We will update this Privacy Policy whenever there are changes in personal data processing, or in the applicable legislation, of which data subjects must be informed. The latest version of the Privacy Policy is available on gigs.gofore.com.

PURPOSES OF PROCESSING AND LEGAL BASIS

Gofore processes personal data in accordance with applicable legislation, including the General Data Protection Regulation (Regulation (EU) 2016/679, “GDPR”), and this Privacy Policy.

We use personal data in our registers for the following purposes:

• Processing and evaluating our partners and offers made by our partners.
• Pro-actively finding suitable partners for our customer needs from the expert pool created by our partners, Gofore Gigs users, and providing other co-operation opportunities for our partners.
• Analysing data given by our partners and possibilities of our partner ecosystem to develop our operations.
• Managing partner relationships
• Communication on service-related matters, such as incidents, updates, feedback, and user surveys.
• Marketing of Gofore’s or its partners other services or events for Gofore Gigs users (if marketing consent is given).
• Artificial intelligence (AI) based profiling to match experts with customer requirements, preparation of sales offers and overall resourcing and sales process management and development and training of AI models.

Our processing of personal data is based on the legal grounds of our legitimate interest. For certain freelancers, who have a contract with Gofore with the obligation for Gofore to provide certain project hours, the basis of processing personal data is also contractual. A legitimate interest occurs when, for example, the purpose of processing is to manage and develop a partner relationship and other similar legitimate business purposes. Gofore’s processing of personal data is based on legitimate interest of Gofore since processing of personal data as set out in this policy is mandatory in order to the person in question to be involved in services offered to Gofore’s customers, and because processing by Gofore is ordinary in the course of information technology services business. This basis has been evaluated by conducting a balance test.

We use AI tools to assist us in processing of personal data for purposes set out above. We use automated processing of personal data to assess aspects of our partners, such as their education, skills and experience, based on AI profiling. We do this based on our legitimate interest. A recommended decision reached by automated means is followed by a meaningful human review prior to a final decision on whether to offer a gig to a particular partner. Our AI models constantly learn and evolve based on the data they receive, and we continuously monitor AI models to ensure that they are fair, efficient, and unbiased. We believe that the AI based profiling benefits us, our partners, and our customers. The use of AI enables us to conduct partner and customer matching more efficiently and to ensure impartiality and quality of the decisions. Along with developing of self-learning AI tools, we use search algorithms in matching customers and experts.

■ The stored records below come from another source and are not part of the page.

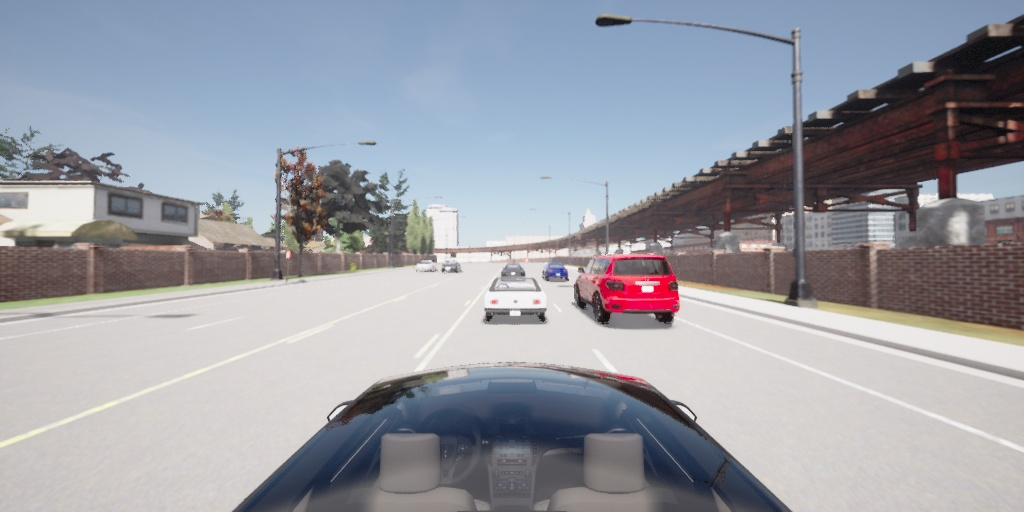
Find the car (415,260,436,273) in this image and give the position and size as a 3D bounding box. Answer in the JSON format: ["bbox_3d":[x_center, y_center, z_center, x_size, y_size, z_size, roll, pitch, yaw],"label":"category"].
[{"bbox_3d":[-10.593,1.282,44.394,1.812,1.442,4.674,0,0,0],"label":"car"}]

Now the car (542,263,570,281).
[{"bbox_3d":[3.596,1.280,30.262,1.812,1.442,4.674,0,0,0],"label":"car"}]

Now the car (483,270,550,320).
[{"bbox_3d":[0.101,1.353,12.526,1.895,1.301,4.718,0,0,0],"label":"car"}]

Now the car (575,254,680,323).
[{"bbox_3d":[3.599,0.973,12.197,2.150,2.045,5.566,0,0,0],"label":"car"}]

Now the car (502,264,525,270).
[{"bbox_3d":[0.096,1.318,29.749,1.994,1.385,4.181,0,0,0],"label":"car"}]

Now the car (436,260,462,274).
[{"bbox_3d":[-7.095,1.248,42.199,2.128,1.511,4.902,0,0,0],"label":"car"}]
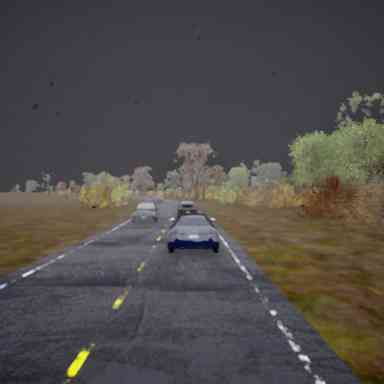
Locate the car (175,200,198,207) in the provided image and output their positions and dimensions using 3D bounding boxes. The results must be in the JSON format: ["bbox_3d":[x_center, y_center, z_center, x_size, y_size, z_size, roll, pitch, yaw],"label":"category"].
[{"bbox_3d":[-0.512,1.482,30.938,1.837,1.490,4.892,0,0,-3],"label":"car"}]

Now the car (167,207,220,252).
[{"bbox_3d":[0.029,1.552,13.845,1.994,1.385,4.181,0,0,-1],"label":"car"}]

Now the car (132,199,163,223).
[{"bbox_3d":[-3.478,1.505,25.648,1.812,1.442,4.674,0,0,-2],"label":"car"}]

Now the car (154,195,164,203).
[{"bbox_3d":[-6.779,1.314,67.829,2.097,1.767,4.553,0,0,-7],"label":"car"}]
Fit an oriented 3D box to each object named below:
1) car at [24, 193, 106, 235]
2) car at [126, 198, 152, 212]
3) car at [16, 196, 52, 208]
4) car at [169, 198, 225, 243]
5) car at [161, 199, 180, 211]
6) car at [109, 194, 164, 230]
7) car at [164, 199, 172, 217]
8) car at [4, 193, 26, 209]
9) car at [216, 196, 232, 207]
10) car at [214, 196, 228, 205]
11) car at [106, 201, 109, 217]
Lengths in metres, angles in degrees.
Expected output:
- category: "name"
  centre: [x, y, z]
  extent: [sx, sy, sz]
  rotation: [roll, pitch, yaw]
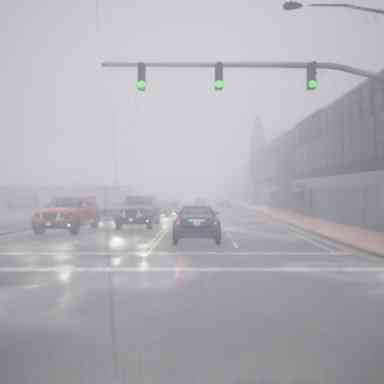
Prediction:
- category: "car"
  centre: [-6.897, 1.193, 18.914]
  extent: [2.150, 2.045, 5.566]
  rotation: [0, 0, 2]
- category: "car"
  centre: [-6.151, 1.489, 39.130]
  extent: [2.033, 1.411, 5.357]
  rotation: [0, 0, 2]
- category: "car"
  centre: [-20.873, 1.330, 43.970]
  extent: [3.806, 1.475, 1.970]
  rotation: [0, 0, 1]
- category: "car"
  centre: [0.236, 1.328, 15.947]
  extent: [2.097, 1.767, 4.553]
  rotation: [0, 0, 1]
- category: "car"
  centre: [-2.570, 1.539, 41.132]
  extent: [1.895, 1.301, 4.718]
  rotation: [0, 0, 2]
- category: "car"
  centre: [-3.331, 1.190, 21.297]
  extent: [2.150, 2.045, 5.566]
  rotation: [0, 0, 2]
- category: "car"
  centre: [-2.999, 1.479, 31.104]
  extent: [1.812, 1.442, 4.674]
  rotation: [0, 0, 2]
- category: "car"
  centre: [-20.912, 1.095, 41.074]
  extent: [3.866, 1.878, 1.905]
  rotation: [0, 0, 1]
- category: "car"
  centre: [4.681, 1.453, 48.077]
  extent: [1.812, 1.442, 4.674]
  rotation: [0, 0, 2]
- category: "car"
  centre: [5.047, 1.404, 58.353]
  extent: [2.128, 1.511, 4.902]
  rotation: [0, 0, 2]
- category: "car"
  centre: [-6.587, 1.434, 28.855]
  extent: [1.882, 1.535, 5.008]
  rotation: [0, 0, 2]
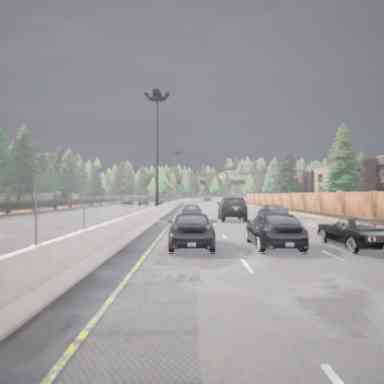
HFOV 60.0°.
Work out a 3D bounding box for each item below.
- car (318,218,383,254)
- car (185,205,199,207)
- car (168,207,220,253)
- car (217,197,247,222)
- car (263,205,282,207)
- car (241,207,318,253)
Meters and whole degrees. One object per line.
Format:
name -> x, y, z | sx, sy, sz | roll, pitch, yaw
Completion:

We have conducted a balancing test and assessed that this processing does not conflict with the expert’s fundamental rights or freedoms.

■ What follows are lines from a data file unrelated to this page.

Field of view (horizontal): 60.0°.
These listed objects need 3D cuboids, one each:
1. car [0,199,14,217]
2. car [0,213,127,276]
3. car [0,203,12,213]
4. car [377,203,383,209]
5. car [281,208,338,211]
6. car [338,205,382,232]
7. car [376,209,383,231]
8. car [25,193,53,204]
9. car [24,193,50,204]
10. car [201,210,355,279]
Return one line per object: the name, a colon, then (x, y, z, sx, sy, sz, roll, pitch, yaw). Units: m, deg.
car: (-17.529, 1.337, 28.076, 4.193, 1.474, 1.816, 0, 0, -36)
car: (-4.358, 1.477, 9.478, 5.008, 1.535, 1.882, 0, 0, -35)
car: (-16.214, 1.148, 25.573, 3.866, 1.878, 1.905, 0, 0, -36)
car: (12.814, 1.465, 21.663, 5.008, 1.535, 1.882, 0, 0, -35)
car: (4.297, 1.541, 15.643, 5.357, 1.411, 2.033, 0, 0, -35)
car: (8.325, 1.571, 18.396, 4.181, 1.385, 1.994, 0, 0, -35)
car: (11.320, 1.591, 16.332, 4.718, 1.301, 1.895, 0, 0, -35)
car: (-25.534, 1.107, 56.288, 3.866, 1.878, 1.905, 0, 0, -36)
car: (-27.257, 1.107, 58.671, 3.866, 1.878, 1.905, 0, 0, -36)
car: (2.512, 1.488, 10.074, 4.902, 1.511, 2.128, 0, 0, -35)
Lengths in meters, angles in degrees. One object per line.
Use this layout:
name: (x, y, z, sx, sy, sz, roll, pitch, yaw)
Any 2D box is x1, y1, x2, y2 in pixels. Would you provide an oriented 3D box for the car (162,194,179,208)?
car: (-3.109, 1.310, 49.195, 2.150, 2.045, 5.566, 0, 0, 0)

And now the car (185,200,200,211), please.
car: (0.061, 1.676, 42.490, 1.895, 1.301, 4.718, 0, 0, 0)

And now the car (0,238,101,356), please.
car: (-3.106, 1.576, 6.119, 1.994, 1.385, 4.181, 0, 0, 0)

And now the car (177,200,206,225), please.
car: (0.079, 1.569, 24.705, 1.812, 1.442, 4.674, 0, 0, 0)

Refusal by partners to submit information has effects on possible partner relations with Gofore. Gofore is committed to doing subcontracting through Gofore Gigs, meaning partnering with Gofore requires the use of Gofore Gigs.

PERSONAL DATA WE PROCESS

We process the following data:

Gofore Gigs users

• Name and contact information of registered users
• Company name and website address the user is related to
• User's job title
• Marketing consent of the user
• Partner type: company or freelancer
• Comprehensive application logs
• IP address

When authenticating in Gofore Gigs, we use Google Identity Platform for authentication and authorization purposes. This requires the application to have the right to read the basic profile and company information of any user that authenticates with Google, Microsoft or any other identity provider. However, Gofore stores only the following information received through authentication:

• User first name and last name
• User email

Company’s expert

• Expert’s basic information
• Name
• Sales pitch
• CVs in the original uploaded format, which may also contain information on referees (for example name, title and contact information) if such information is included in a CV

Gigsletter recipients

• Email address

Gigsletter recipients are maintained separately from other personal data in the Gofore Gigs, and the recipient may cancel their subscription any time through the link provided in the email.

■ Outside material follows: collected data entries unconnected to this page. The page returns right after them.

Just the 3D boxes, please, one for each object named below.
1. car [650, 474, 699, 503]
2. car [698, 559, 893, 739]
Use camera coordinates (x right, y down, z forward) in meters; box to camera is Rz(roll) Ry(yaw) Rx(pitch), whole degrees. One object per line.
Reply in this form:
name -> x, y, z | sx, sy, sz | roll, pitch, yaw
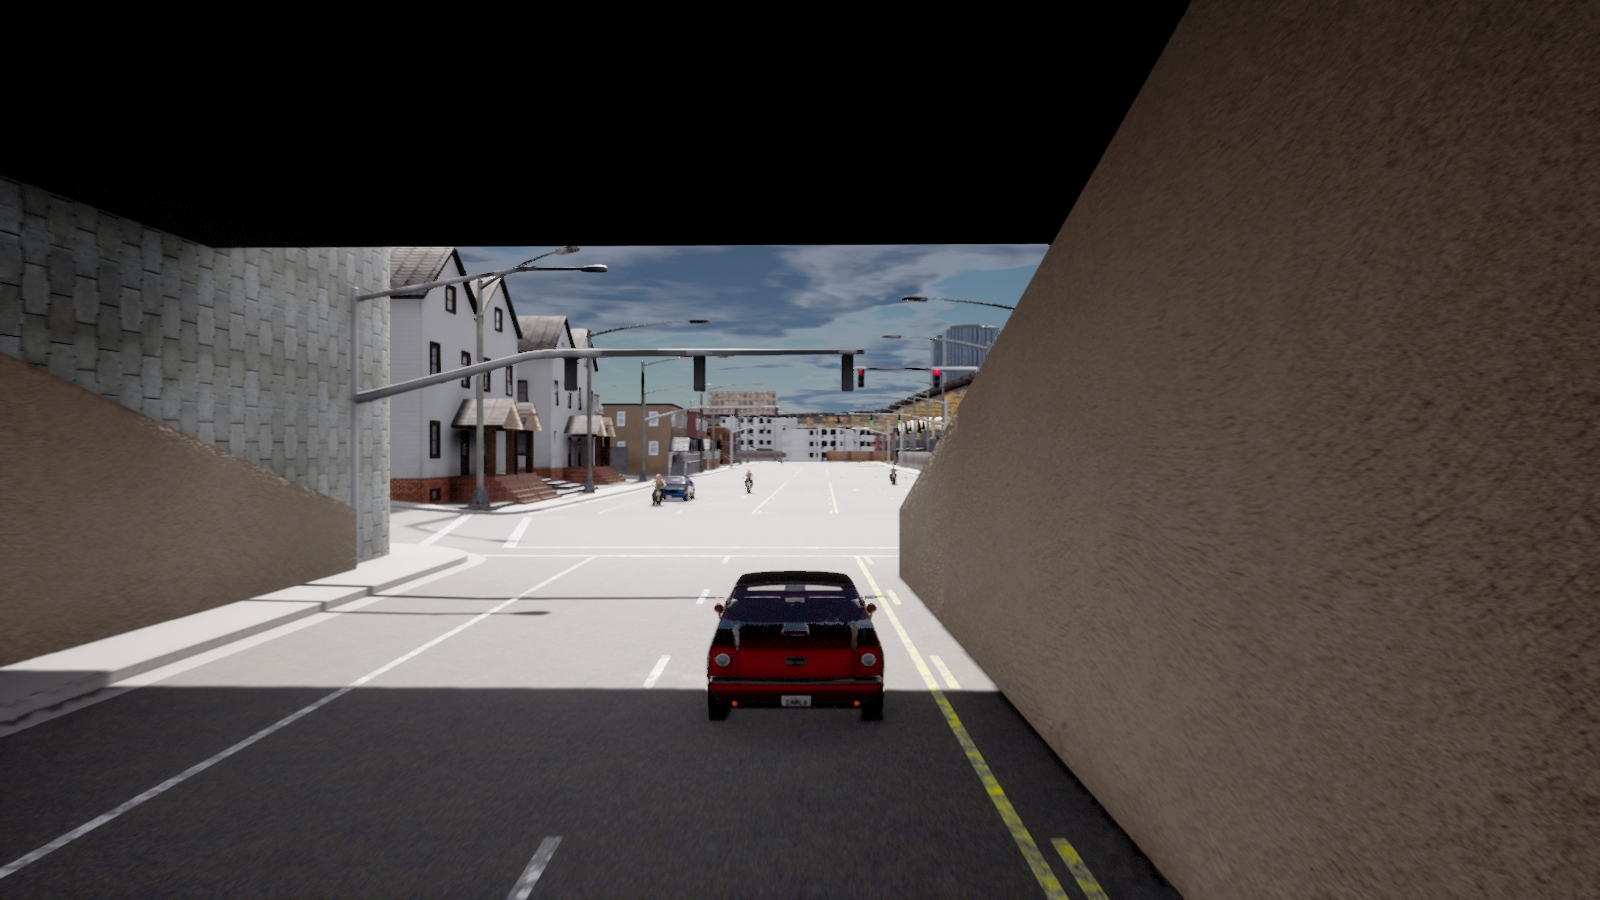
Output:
car -> -6.969, 2.106, 63.873 | 2.033, 1.411, 5.357 | 0, 0, 1
car -> -0.058, 2.155, 13.456 | 1.895, 1.301, 4.718 | 0, 0, 0

We keep our partners’ details in Gofore Gigs and related systems, as required by the applicable legislation, only as long as necessary for the purposes of personal data processing. Retention periods may vary considerably depending on the nature and use of the personal data provided to us. As a rule, personal data is stored for as long as the partner wishes to have it saved in Gofore Gigs. Once partner is deleted from the company account, the personal data related to the user or expert will be anonymised and expert CV’s deleted permanently. Inactive company accounts will be deleted after five years of inactivity.

If the partner’s personal data is used to prepare a sales offer, the data will be held according to Gofore’s needs, but no more than five years. Also, if the partner has a contract with Gofore, this contract might obligate Gofore to retain some personal data for longer periods, as required by the applicable legislation, for example accounting rules and tax legislation.

Notwithstanding the above, the retention period for any personal data may be extended if Gofore has an existing or imminent need to defend itself against legal claims or to prepare or present legal claims.

DATA SOURCES WE USE

The personal data collected consists only of the information that Gofore Gigs users, our business partners, provide us.

SHARING AND DISCLOSING PERSONAL DATA

We use a range of service providers to process and maintain personal data. We can transfer personal data to third parties to the extent they need it to provide services or perform tasks we have designated to them. The tasks of parties that process personal data relate to matters such as business analytics, overall resourcing and sales process management and development, the management and maintenance of devices, information systems and software, error correction, and other data processing services.

Gofore and its subsidiaries are located in the member states of the EU. If the purpose of the processing of personal data requires transfer of data between Gofore and its subsidiary, we may share personal data within the Gofore group in which case, likewise, we will ensure that the processing of personal data complies with the applicable data protection legislation and this privacy notice.

We disclose personal data of our partners to our customers and potential customers when subcontracting.

If needed, Gofore may also disclose personal data at the request of a competent public authority.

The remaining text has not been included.